A GDPR compliance statement is a public notice explaining how your organization collects, processes, and protects personal data under the General Data Protection Regulation. It covers legal bases for processing, data subject rights, retention periods, and contact details for your data controller or Data Protection Officer.
Is a GDPR compliance statement the same as a privacy policy?
They overlap significantly, but a GDPR compliance statement specifically addresses GDPR requirements such as lawful bases under Article 6, data subject rights under Articles 15 through 22, and cross-border transfer safeguards. Many organizations combine both into a single document that satisfies GDPR and broader privacy law obligations.
Do small businesses need a GDPR compliance statement?
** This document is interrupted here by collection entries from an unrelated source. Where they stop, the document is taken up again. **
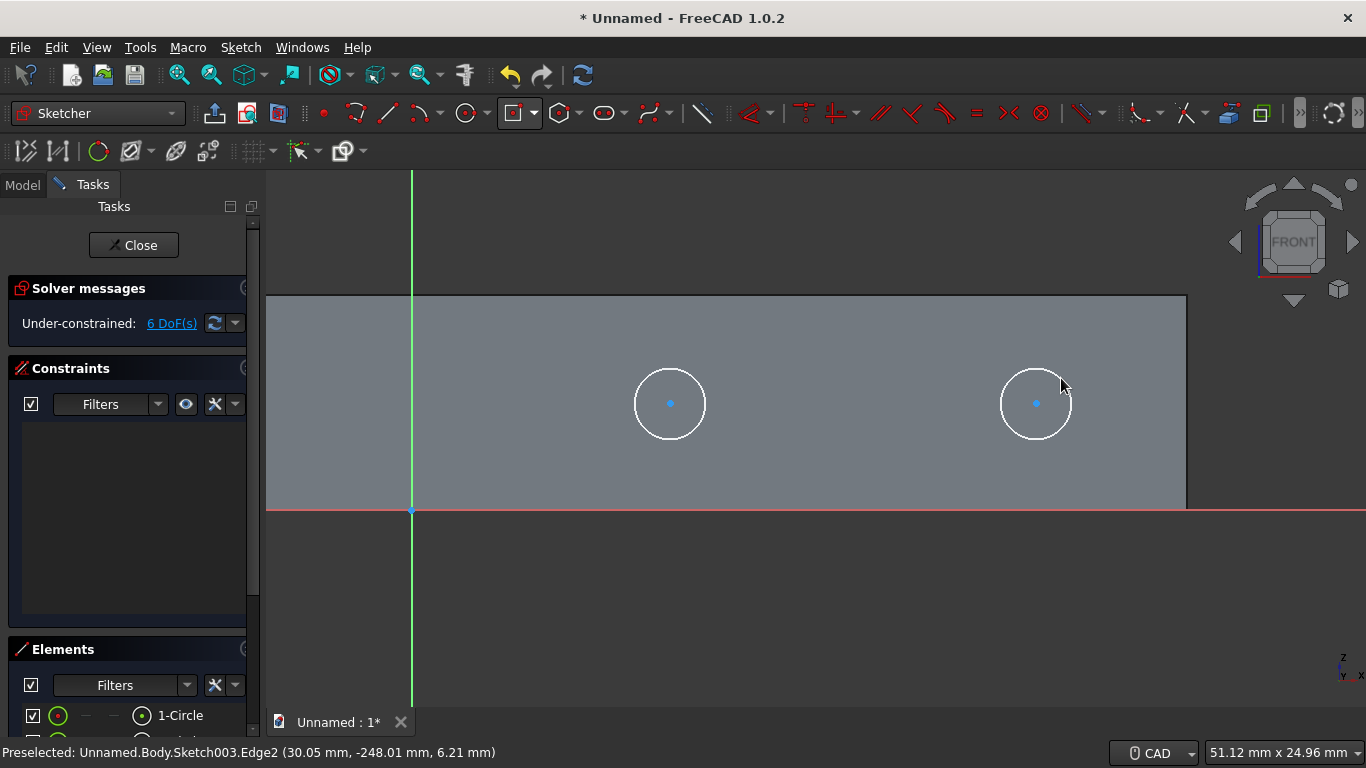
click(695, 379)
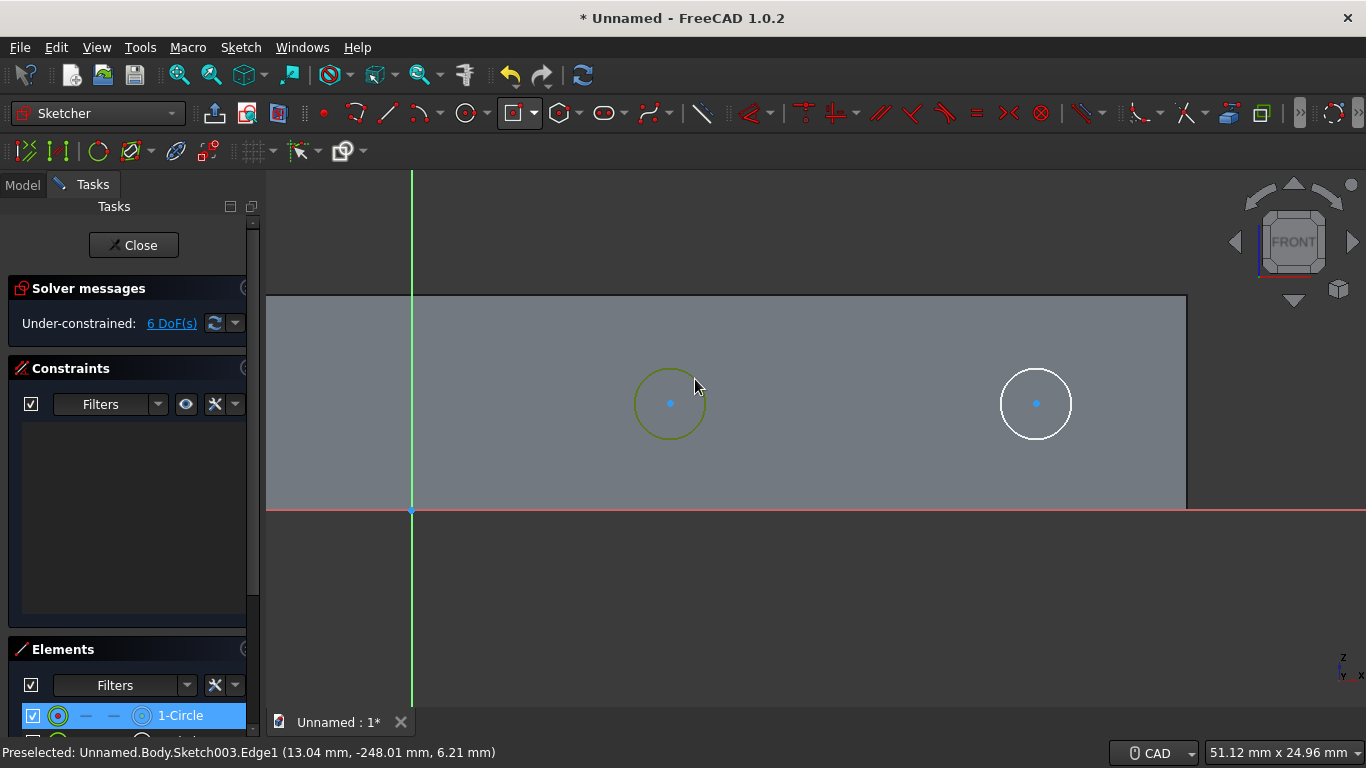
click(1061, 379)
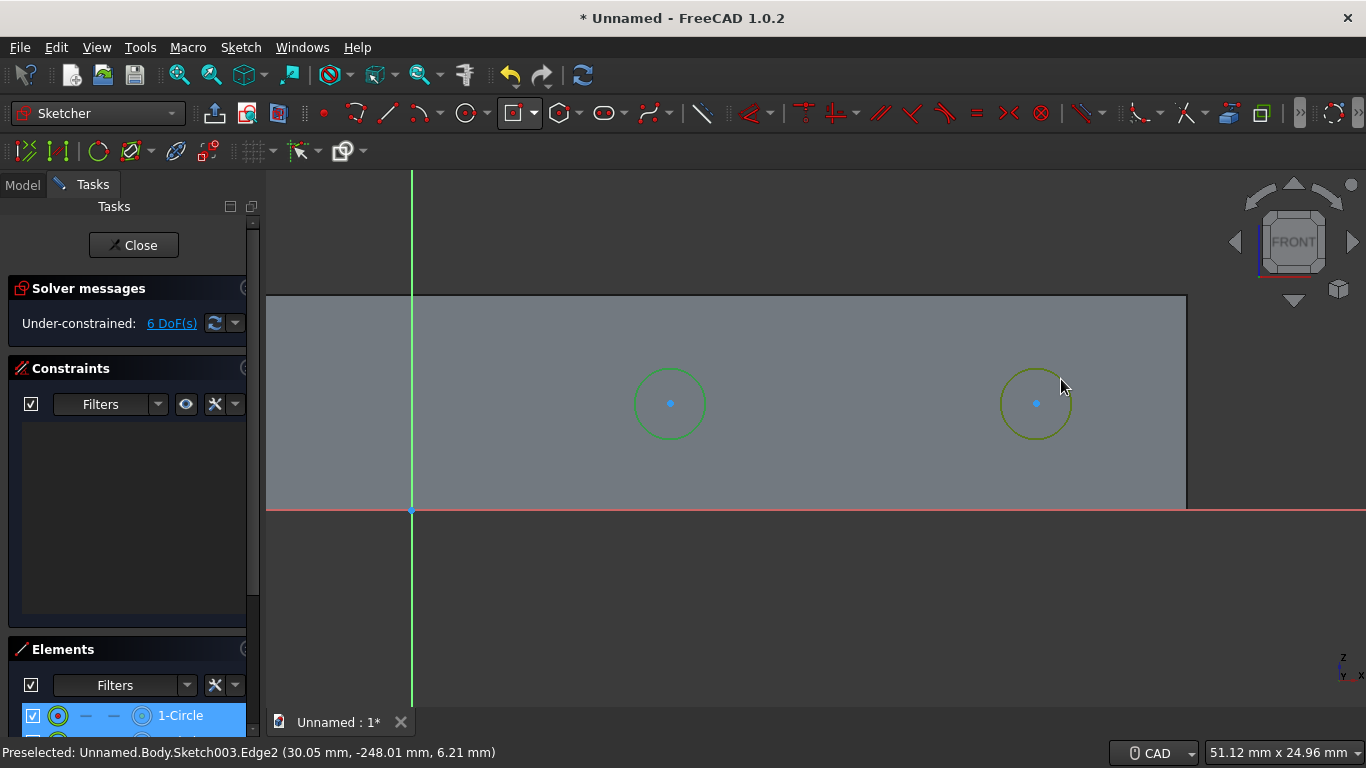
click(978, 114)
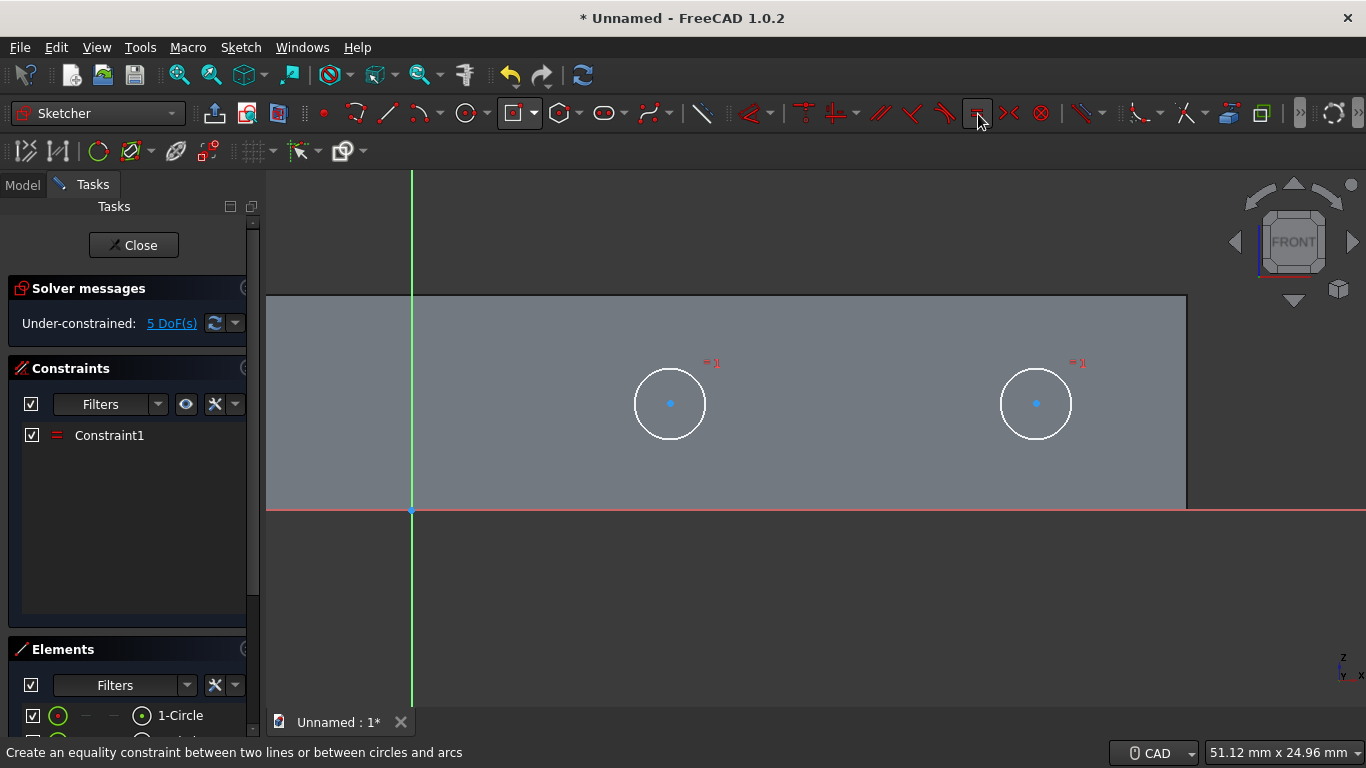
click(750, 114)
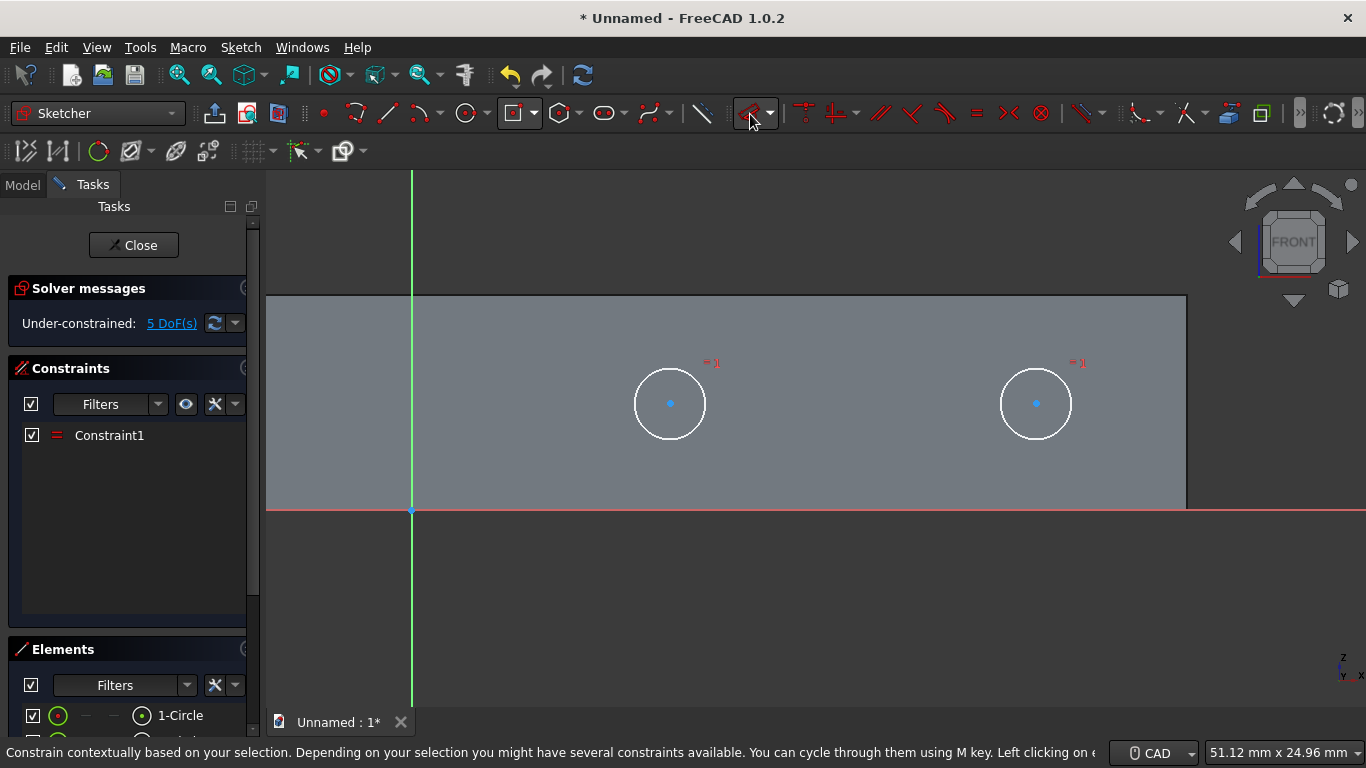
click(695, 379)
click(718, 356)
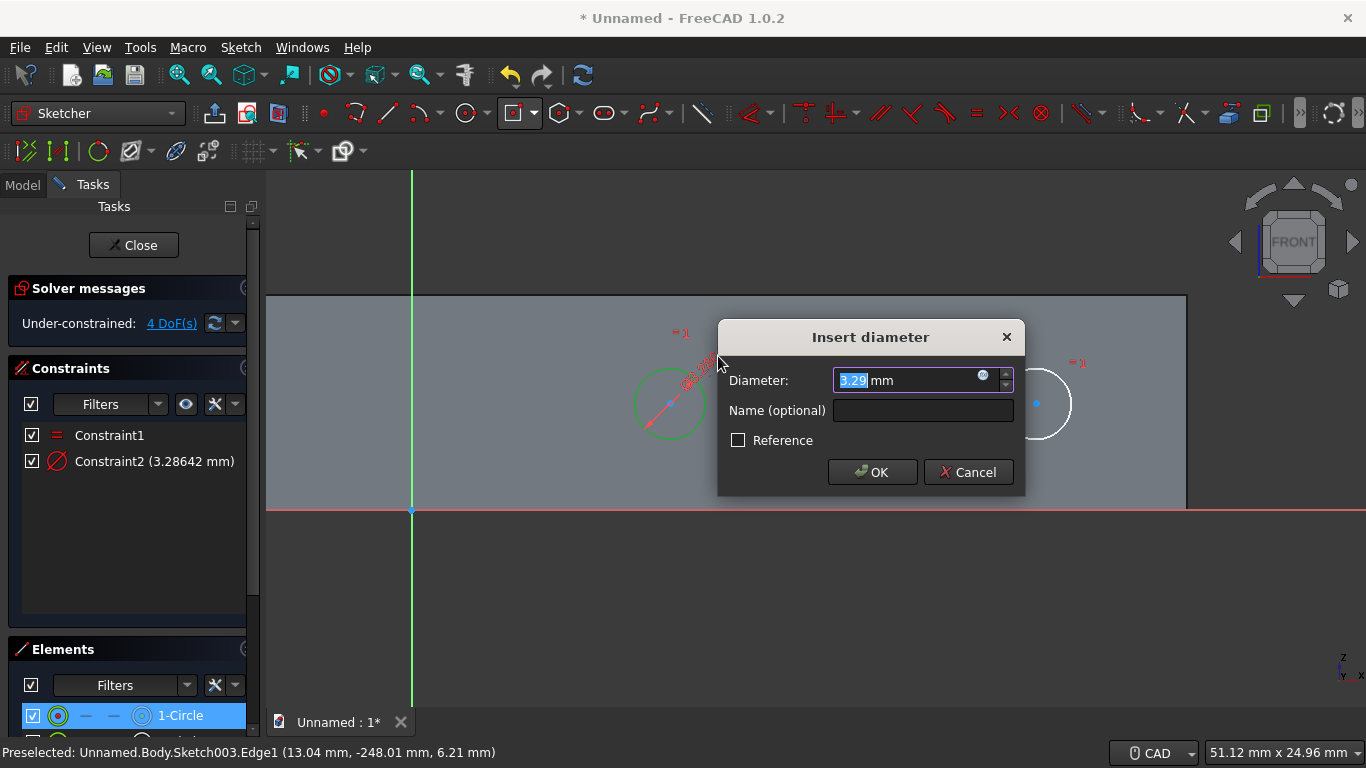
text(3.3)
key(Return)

Yes. The GDPR applies to any organization that processes personal data of individuals in the European Economic Area, regardless of company size or location. A small business that collects email addresses through a contact form or runs analytics on EU visitors must publish a compliant statement.
What are the penalties for not having a GDPR compliance statement?
Supervisory authorities can impose fines of up to 20 million EUR or 4% of annual global turnover, whichever is higher, under Article 83 of the GDPR. Even without a fine, a missing or inadequate statement can trigger formal warnings, processing bans, and reputational damage.